Hepoxilin A 3 is oxidized by human neutrophils into its ω-hydroxy metabolite by an activity independent of LTB 4ω-hydroxylase

Abstract

Hepoxilin A 3-methyl ester is taken up by intact human neutrophils where it is first hydrolyzed into the free acid which is subsequently converted into a single major metabolite. The structure of this metabolite was determined through mass spectral analysis of several derivatives, and through identity with an authentic compound prepared by chemical synthesis. The metabolite was identified as ω-hydroxy-hepoxilin A 3 showing that the epoxide functionality of the parent hepoxilin is not opened during incubation with human neutrophils. All attempts to investigate hepoxilin metabolism in broken cells, despite the presence of protease inhibitors (Aproteinin, PMSF, DFP) and supplementation with NADPH were unsuccessful.

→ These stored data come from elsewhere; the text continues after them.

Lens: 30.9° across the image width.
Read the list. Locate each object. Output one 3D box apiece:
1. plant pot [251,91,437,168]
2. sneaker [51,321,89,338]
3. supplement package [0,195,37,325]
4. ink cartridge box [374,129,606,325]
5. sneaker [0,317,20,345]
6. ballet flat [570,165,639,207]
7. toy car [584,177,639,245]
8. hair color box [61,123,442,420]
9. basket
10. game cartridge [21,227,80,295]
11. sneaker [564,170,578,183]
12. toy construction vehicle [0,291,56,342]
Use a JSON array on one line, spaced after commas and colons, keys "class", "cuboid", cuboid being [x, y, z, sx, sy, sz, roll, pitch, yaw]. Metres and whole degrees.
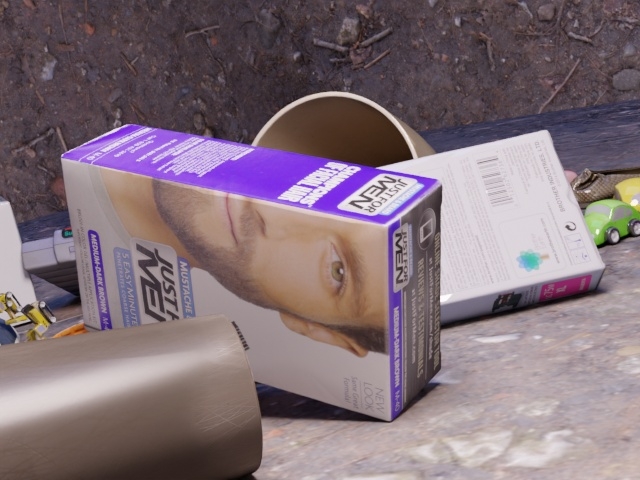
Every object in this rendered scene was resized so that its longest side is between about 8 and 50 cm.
[{"class": "plant pot", "cuboid": [0.074, -0.044, 1.505, 0.257, 0.256, 0.274, -7, -7, 30]}, {"class": "sneaker", "cuboid": [-0.156, 0.117, 1.204, 0.263, 0.099, 0.121, -6, 0, -8]}, {"class": "supplement package", "cuboid": [-0.548, 0.041, 1.844, 0.149, 0.194, 0.203, -16, 10, -17]}, {"class": "ink cartridge box", "cuboid": [0.126, -0.002, 1.257, 0.311, 0.185, 0.065, -12, -30, -6]}, {"class": "sneaker", "cuboid": [-0.468, 0.111, 1.431, 0.131, 0.148, 0.350, -12, 8, 1]}, {"class": "ballet flat", "cuboid": [0.493, -0.104, 1.787, 0.250, 0.058, 0.084, -14, 10, -12]}, {"class": "toy car", "cuboid": [0.418, -0.042, 1.512, 0.225, 0.053, 0.239, -17, 10, -30]}, {"class": "hair color box", "cuboid": [-0.064, 0.019, 1.032, 0.339, 0.185, 0.110, 11, 29, 28]}, {"class": "basket", "cuboid": [-0.169, 0.139, 0.865, 0.227, 0.154, 0.204, -11, 9, -18]}, {"class": "game cartridge", "cuboid": [-0.263, 0.012, 1.831, 0.355, 0.068, 0.230, -11, -19, 7]}, {"class": "sneaker", "cuboid": [0.358, -0.072, 1.804, 0.134, 0.051, 0.070, -18, 12, -17]}, {"class": "toy construction vehicle", "cuboid": [-0.376, 0.112, 1.495, 0.086, 0.098, 0.035, -9, 28, 45]}]
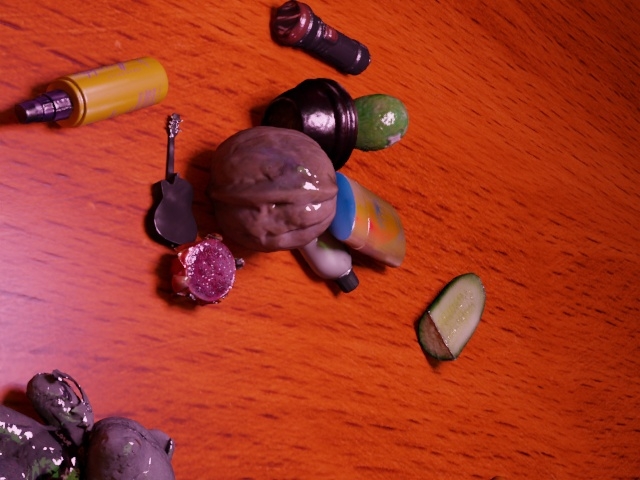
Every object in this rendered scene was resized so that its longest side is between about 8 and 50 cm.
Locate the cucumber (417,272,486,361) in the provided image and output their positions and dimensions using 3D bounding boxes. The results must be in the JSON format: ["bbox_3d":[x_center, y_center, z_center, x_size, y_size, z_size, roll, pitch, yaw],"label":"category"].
[{"bbox_3d":[0.275,0.149,2.195,0.115,0.063,0.244,57,40,-6],"label":"cucumber"}]

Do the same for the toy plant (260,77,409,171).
[{"bbox_3d":[0.022,-0.207,1.918,0.235,0.218,0.175,-8,92,-42],"label":"toy plant"}]

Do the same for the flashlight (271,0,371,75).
[{"bbox_3d":[0.010,-0.389,2.071,0.232,0.093,0.093,19,62,-46],"label":"flashlight"}]

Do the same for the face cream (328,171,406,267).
[{"bbox_3d":[0.081,-0.037,1.967,0.285,0.067,0.139,25,49,-64],"label":"face cream"}]

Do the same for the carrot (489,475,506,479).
[{"bbox_3d":[0.318,0.520,2.129,0.190,0.037,0.037,-19,91,-48],"label":"carrot"}]

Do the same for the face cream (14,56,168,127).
[{"bbox_3d":[-0.343,-0.215,1.582,0.273,0.078,0.078,-28,98,-51],"label":"face cream"}]

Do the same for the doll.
[{"bbox_3d":[-0.319,0.286,1.350,0.340,0.158,0.245,31,41,-36],"label":"doll"}]

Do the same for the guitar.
[{"bbox_3d":[-0.235,-0.100,1.708,0.088,0.025,0.233,21,61,-43],"label":"guitar"}]

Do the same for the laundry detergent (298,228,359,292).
[{"bbox_3d":[0.000,0.000,1.917,0.225,0.070,0.099,55,34,-19],"label":"laundry detergent"}]

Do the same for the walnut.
[{"bbox_3d":[-0.082,-0.084,1.744,0.224,0.224,0.224,22,59,-44],"label":"walnut"}]

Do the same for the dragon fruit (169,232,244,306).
[{"bbox_3d":[-0.193,0.047,1.673,0.126,0.068,0.112,-53,124,-35],"label":"dragon fruit"}]
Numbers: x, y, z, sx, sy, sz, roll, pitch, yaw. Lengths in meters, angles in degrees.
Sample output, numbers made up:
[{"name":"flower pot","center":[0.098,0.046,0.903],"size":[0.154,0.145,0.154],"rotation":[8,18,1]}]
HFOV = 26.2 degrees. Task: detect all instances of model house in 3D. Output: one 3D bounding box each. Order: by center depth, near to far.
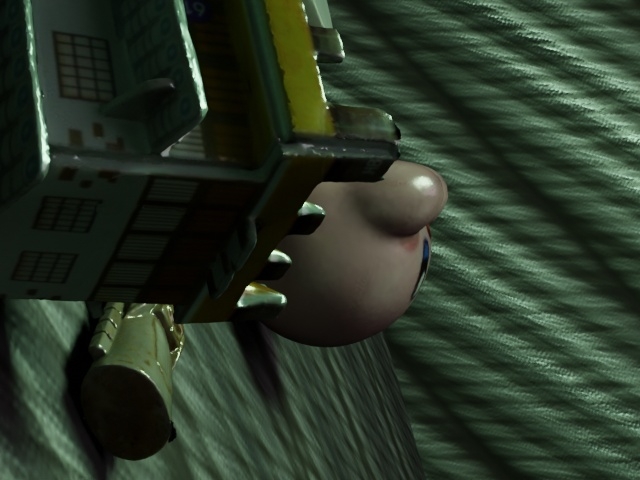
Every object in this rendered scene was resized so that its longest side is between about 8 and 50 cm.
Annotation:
[{"name":"model house","center":[-0.106,-0.079,0.731],"size":[0.198,0.215,0.224],"rotation":[-51,-137,49]}]

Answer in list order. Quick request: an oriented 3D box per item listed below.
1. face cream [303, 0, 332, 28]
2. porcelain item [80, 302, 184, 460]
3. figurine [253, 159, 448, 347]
[{"name":"face cream","center":[-0.104,-0.270,1.340],"size":[0.218,0.179,0.218],"rotation":[-17,90,-83]},{"name":"porcelain item","center":[-0.123,0.059,0.938],"size":[0.213,0.054,0.084],"rotation":[-95,168,-63]},{"name":"figurine","center":[-0.008,0.004,1.450],"size":[0.270,0.261,0.211],"rotation":[-24,125,-84]}]

Metabolism of hepoxilin A 3 required the intact cell, while parallel experiments with LTB 4 as substrate demonstrated that this eicosanoid was metabolized into its ω-hydroxy metabolite regardless of whether intact or broken cell preparations were used provided that NADPH was present in the latter. Hepoxilin metabolism in intact cells was inhibited dose-dependently by CCCP (0.01–100 μM), a mitochondrial uncoupler, whereas LTB 4 metabolism was unaffected by CCCP. This data suggests that metabolism of hepoxilin A 3 occurs in intact human neutrophils through ω-oxidation, is likely located in the mitochondrial compartment of the cell (inhibition by CCCP) and is carried out by an activity that is independent of the well characterized, relatively stable microsomal LTB 4 ω-hydroxylase.